Excerpts from a dataset:

==================================================

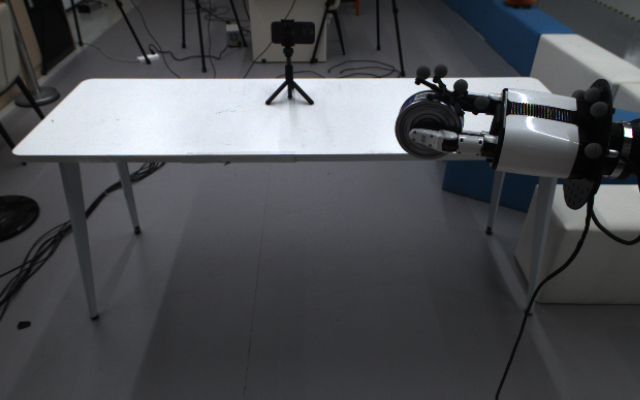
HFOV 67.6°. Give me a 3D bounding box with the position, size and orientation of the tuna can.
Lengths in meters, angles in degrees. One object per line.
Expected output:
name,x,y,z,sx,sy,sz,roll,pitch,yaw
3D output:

==================================================

TASK BRIEF: Copy every record above exactly as written, but leave out the pictures.

REPLY TO THE TASK:
HFOV 67.6°. Give me a 3D bounding box with the position, size and orientation of the tuna can.
Lengths in meters, angles in degrees. One object per line.
Expected output:
name,x,y,z,sx,sy,sz,roll,pitch,yaw
3D output:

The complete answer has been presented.